I’m specifically talking about that American-style free market libertarianism (as opposed to say, libertarian socialism or even neoliberalism to an extent). It’s the ideology that says “the government shouldn’t be in the business of doing ______”. This notion that the most successful (hypothetical) economies are those that remove all regulations and restrictions, let business owners do their thing, keep taxes to a minimum, and keep the government limited to only the most basic functions like police, military, courts, and very limited infrastructure (so like, just roads and maybe rails and power lines, but the private sector should run the trains and power companies).

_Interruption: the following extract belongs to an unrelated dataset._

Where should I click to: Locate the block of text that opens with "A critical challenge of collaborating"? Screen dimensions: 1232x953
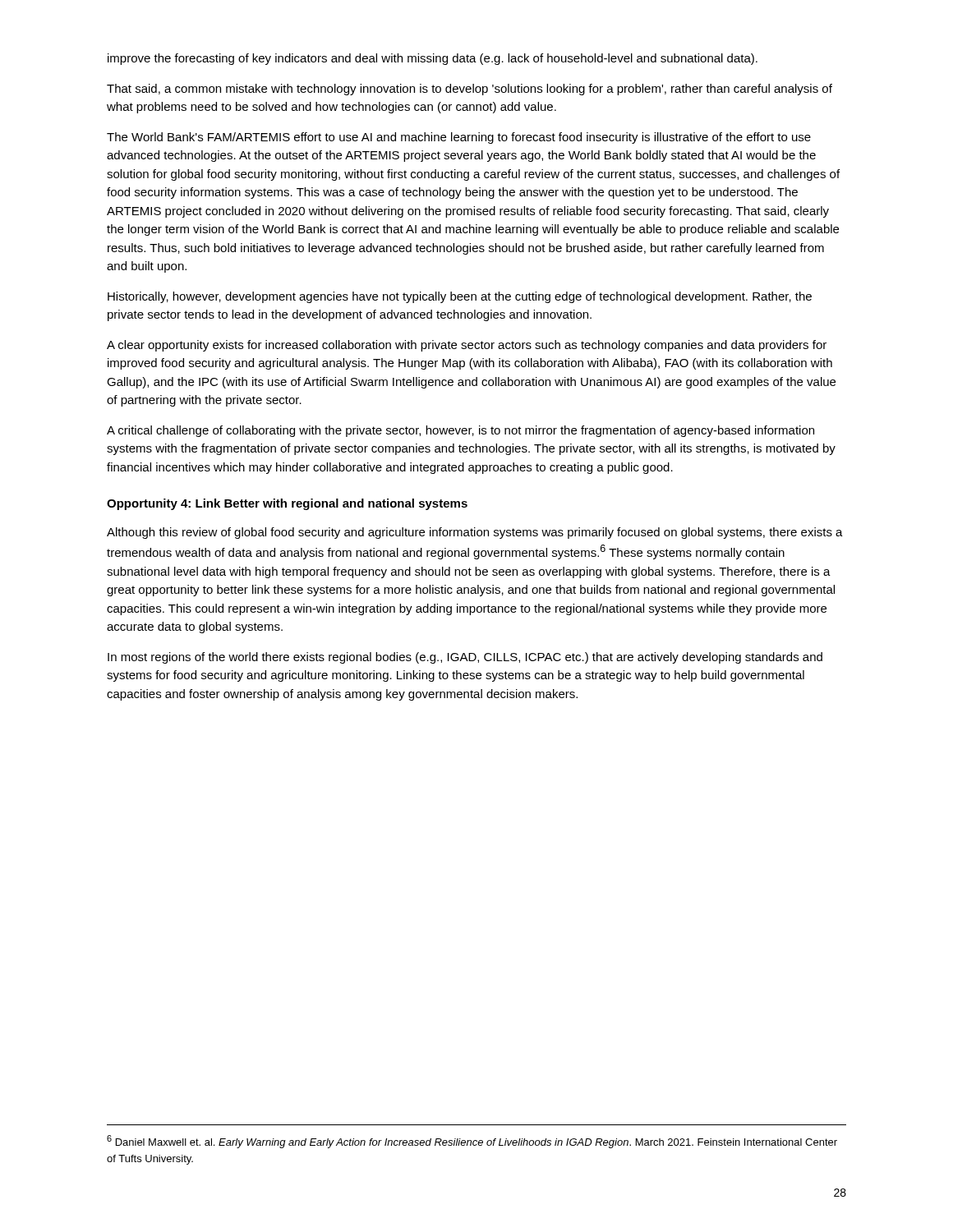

What China has done with its economy over the last 40 years clearly disproves these libertarian hopes and dreams that the free market is best and any state intervention is doomed to failure. This thought occurred to me when a libertarian family member asked why I wasn’t a libertarian, and because I didn’t want to really get into it with this person, I just let out “because China exists!” with a generous helping of derision. This person’s response was “well… but they’re aUtHoRiTaRiAn”, and clearly didn’t want to engage any more with me on it, and I was happy to oblige.

But I’ve been thinking about the implications of what I said since then. Looking objectively at what China has accomplished, it is inarguable that this could only be accomplished with heavy intervention by the state. Of course myself and everyone here knows that’s thanks to socialism, but even if you’re someone who thinks China is merely “state capitalist”… it strains credulity to think China could accomplish all it has and be on the trajectory it is now if it embraced free market libertarian capitalism and let “the market” decide all outcomes at every level.

I know it’s not just China, but the entire history of capitalism shows it’s needed heavy state intervention to keep things running. But highlighting China is I think useful just because it’s such a stark example that people can see with their own eyes right now. I especially enjoy how you can contrast present day China (the success of socialism) with Milei’s Argentina (the failure of libertarian economics).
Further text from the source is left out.